Working data below:
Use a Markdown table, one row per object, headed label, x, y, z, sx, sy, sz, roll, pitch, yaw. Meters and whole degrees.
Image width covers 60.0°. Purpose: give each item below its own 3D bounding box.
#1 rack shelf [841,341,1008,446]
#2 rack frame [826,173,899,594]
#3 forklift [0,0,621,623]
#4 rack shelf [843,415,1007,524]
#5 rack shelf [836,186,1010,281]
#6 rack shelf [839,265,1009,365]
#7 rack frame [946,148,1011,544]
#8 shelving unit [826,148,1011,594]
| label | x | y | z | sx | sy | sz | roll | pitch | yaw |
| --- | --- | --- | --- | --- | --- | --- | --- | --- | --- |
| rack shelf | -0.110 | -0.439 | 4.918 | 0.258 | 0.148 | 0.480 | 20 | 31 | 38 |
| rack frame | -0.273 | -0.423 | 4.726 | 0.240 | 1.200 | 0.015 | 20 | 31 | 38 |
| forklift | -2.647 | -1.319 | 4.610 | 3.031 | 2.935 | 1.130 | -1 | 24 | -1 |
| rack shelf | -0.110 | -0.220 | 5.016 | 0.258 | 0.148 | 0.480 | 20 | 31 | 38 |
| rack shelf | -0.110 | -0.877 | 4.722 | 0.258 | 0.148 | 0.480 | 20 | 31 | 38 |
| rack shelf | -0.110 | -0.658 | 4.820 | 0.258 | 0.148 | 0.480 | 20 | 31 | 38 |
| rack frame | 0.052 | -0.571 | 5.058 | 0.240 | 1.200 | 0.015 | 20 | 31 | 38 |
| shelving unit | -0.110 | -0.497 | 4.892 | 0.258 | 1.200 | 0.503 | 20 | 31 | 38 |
End of Working data.
Working data below:
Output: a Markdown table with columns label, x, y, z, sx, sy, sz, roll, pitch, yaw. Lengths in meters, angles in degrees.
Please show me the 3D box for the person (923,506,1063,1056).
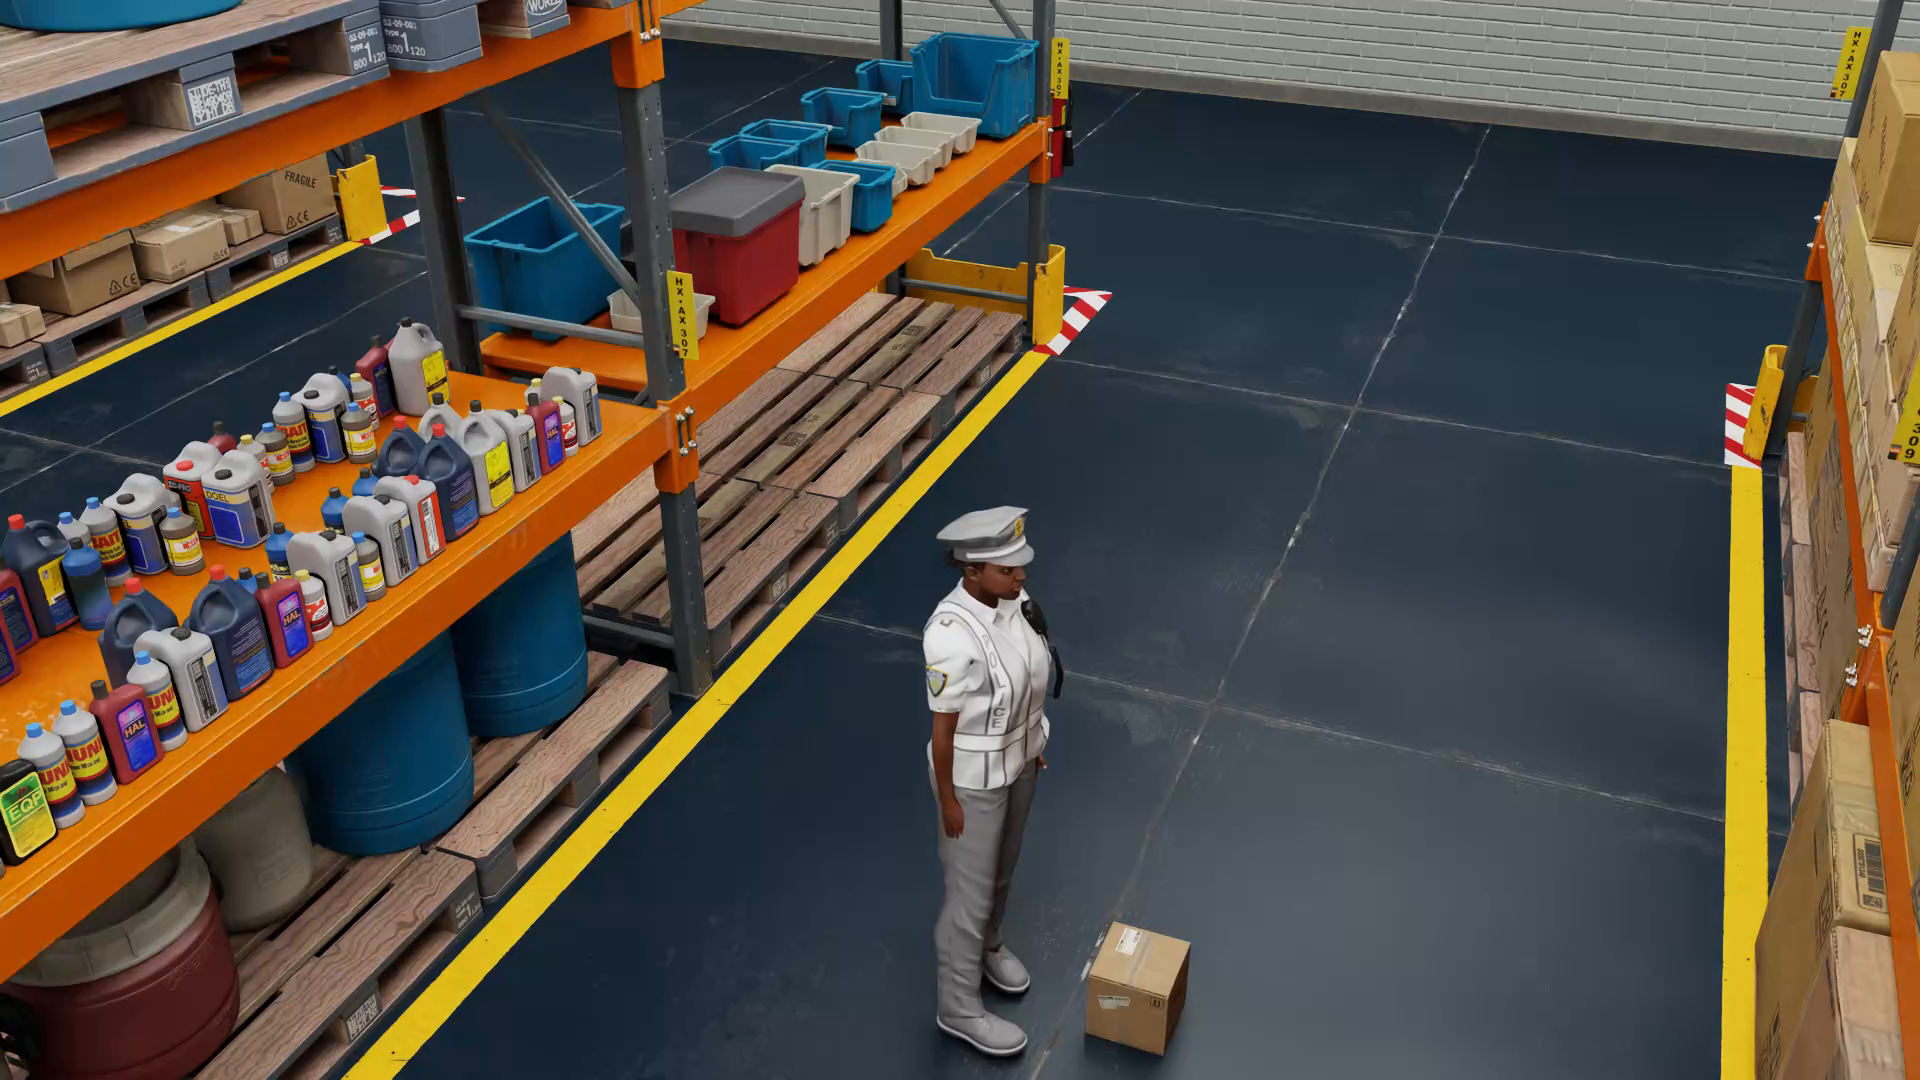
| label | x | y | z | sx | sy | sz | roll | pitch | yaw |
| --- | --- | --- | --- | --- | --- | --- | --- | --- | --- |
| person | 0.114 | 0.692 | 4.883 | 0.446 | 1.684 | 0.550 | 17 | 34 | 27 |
End of Working data.
**Task directions:** Say how many lines in the records include the string "table", giving the figure by itself.

**Answer:** 2